Friday, August 05, 2005

Oxymoronic headline writing

"Before I start," began the very amateurish public speaker, "I want to say something."
I was reminded of that bit of illustrative whimsy by a front-page headline in the Friday, 5 August, edition. It tries to boost the governor's visit to promote the Tennessee school system with, "A pre-start on education."
Copy editors, if there are any at the Times Free Press, and page designers are, at least at most "news"papers, under a lot of pressure, and are often not given more than six to ten hours to produce and proofread the pages sent out to subscribers and other readers.

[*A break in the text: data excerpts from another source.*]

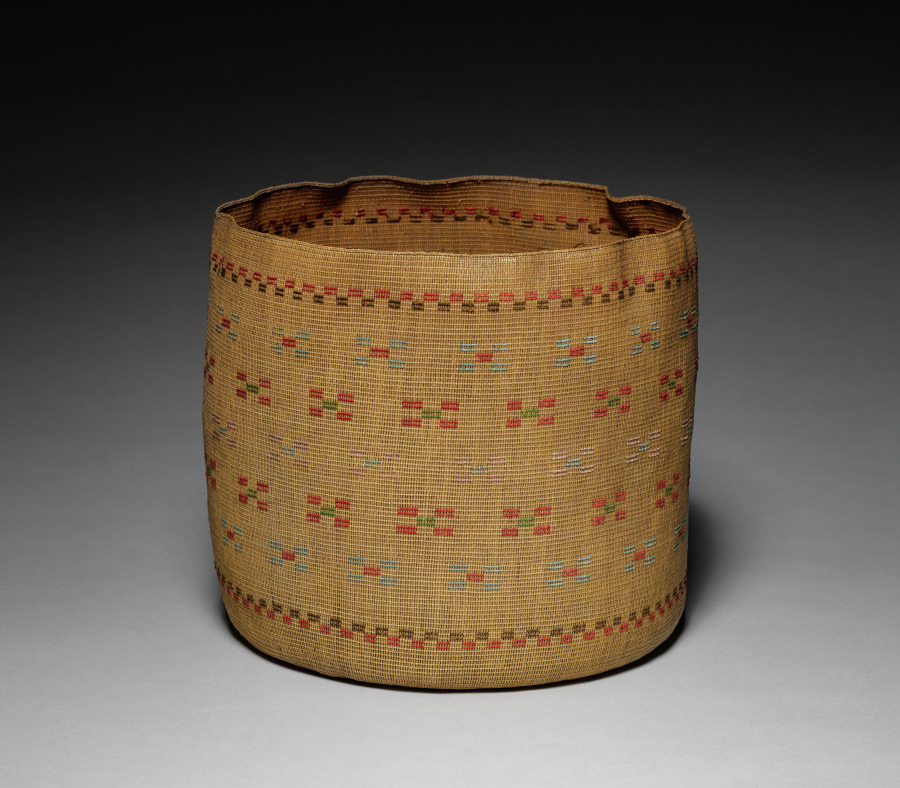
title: Twined Cylindrical Basket
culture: Arctic. Aleut (Attu), late 19th-early 20th century
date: 1890
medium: twined
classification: Basketry

Perhaps that explains the "duh" head on a national story: "Dobson angers critics with stem cell remarks."
Dobson could say "The sun comes up in the east" and he'd anger "critics."
This is a "dog bites man" story.
The real story would have been if his supporters had been angered; or if his critics had said, "Well, golleee, he's right."
Or, perish the thought, the real story is what Dobson said, not the reaction of the people with whom the majority of reporters and editors agree.
For the record: I have no opinion, yet, on stem cell research.
But I do know the U.S. Constitution in no way authorizes the federal government to spend our money on it.
A Libertarian Party candidate said in 1992, when the government pays for research, it gets research. Perhaps instead, he said, the government should pay for results.